Joyau roman du Maine-et-Loire, l'église Saint-Pierre de Chemillé dévoile un clocher et un chœur du XIe siècle, un portail gothique saisissant et de précieuses peintures murales médiévales nichées dans l'abside nord.
Dressée au cœur de Chemillé, petite ville du Maine-et-Loire réputée pour ses cultures de plantes médicinales, l'église Saint-Pierre est l'une des plus belles synthèses architecturales de l'Anjou médiéval. Elle condense près de dix siècles de foi, d'art et d'histoire dans un édifice surprenant de cohérence, malgré les multiples campagnes de construction qui l'ont façonnée. Ce qui rend Saint-Pierre véritablement singulière, c'est la superposition lisible de ses époques : le visiteur attentif peut lire, pierre après pierre, le passage du roman austère au gothique rayonnant, puis à l'élan de la Renaissance, jusqu'aux restaurations raisonnées du XIXe siècle.
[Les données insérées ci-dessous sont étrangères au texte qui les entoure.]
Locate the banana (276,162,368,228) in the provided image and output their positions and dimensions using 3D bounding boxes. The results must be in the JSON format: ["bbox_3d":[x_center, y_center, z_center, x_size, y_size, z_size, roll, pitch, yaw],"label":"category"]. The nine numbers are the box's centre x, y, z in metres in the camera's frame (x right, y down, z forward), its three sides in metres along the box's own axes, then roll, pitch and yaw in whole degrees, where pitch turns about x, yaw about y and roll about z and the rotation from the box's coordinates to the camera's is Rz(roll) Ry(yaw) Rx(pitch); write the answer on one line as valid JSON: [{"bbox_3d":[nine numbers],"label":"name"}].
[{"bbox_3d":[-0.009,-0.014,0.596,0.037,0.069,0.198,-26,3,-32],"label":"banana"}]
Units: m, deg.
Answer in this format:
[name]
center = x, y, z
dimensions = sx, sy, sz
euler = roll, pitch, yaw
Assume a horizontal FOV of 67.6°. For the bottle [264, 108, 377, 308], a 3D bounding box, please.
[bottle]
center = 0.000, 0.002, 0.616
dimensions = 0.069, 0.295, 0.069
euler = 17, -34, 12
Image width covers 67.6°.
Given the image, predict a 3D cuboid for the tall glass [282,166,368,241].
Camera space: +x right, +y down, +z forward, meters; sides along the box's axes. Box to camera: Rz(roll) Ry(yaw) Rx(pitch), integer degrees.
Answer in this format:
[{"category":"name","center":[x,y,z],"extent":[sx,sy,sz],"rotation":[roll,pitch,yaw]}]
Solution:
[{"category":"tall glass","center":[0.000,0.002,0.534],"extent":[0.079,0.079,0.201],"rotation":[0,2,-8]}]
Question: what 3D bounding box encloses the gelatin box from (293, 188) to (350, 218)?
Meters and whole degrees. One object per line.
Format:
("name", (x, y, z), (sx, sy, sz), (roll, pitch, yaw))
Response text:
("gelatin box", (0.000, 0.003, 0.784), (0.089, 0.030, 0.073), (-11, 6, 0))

Le clocher roman, élancé et sobre, dialogue avec le portail gothique du XIIIe siècle dans un équilibre que le temps semble avoir voulu. L'intérieur réserve la surprise la plus précieuse : les peintures murales du XIIIe siècle qui ornent l'abside nord du chevet. Partiellement conservées, elles offrent un témoignage rare de l'art pictural médiéval en Anjou, avec leurs figures hiératiques aux tons ocre et rouge sang, qui irradient dans la pénombre de la pierre calcaire. La visite de l'église s'inscrit naturellement dans une déambulation dans le bourg ancien de Chemillé, ville-étape entre Cholet et Angers. Le cadre champêtre et la tranquillité du site invitent à la contemplation, loin de l'agitation des grands sites touristiques. Pour l'amateur de patrimoine roman ou d'iconographie médiévale, Saint-Pierre de Chemillé est une étape à ne pas manquer dans l'exploration de l'Anjou profond.
L'église Saint-Pierre présente un plan à nef unique avec transept et chevet à absidioles, schéma typique de l'architecture romane angevine du XIe siècle. Le clocher, placé à la croisée du transept ou en façade selon la tradition locale, est l'élément le plus immédiatement frappant : ses baies géminées à colonnettes et ses arcatures aveugles caractérisent le roman poitevin-angevin dans sa phase de maturité. Élevé en tuffeau, la pierre blanche et tendre si prisée des bâtisseurs ligériens, il offre cette teinte dorée au soleil rasant que l'on retrouve dans tout le val de Loire. Le portail gothique du XIIIe siècle constitue la pièce maîtresse de la façade occidentale. Ses voussures à décor végétal et géométrique, ses colonnettes à chapiteaux finement taillés et la composition de son tympan révèlent l'influence du gothique angevin, moins vertigineux que le gothique de l'Île-de-France, mais d'une élégance très soignée. Le transept, remanié au XVIe siècle, intègre quelques éléments de la première Renaissance : moulures plus plates, arcs en anse de panier et détails ornementaux discrets. À l'intérieur, le chœur roman conserve ses proportions ramassées et son abside en cul-de-four, voûtée en pierre. C'est dans l'abside nord que se déploient les peintures murales du XIIIe siècle : compositions à personnages identifiées comme des scènes hagiographiques ou bibliques, réalisées à la détrempe sur un enduit de chaux, avec une palette dominée par les ocres jaunes, les terres rouges et le blanc. Leur état de conservation partiel leur confère une beauté mélancolique, accentuée par la lumière tamisée qui filtre à travers les baies romanes.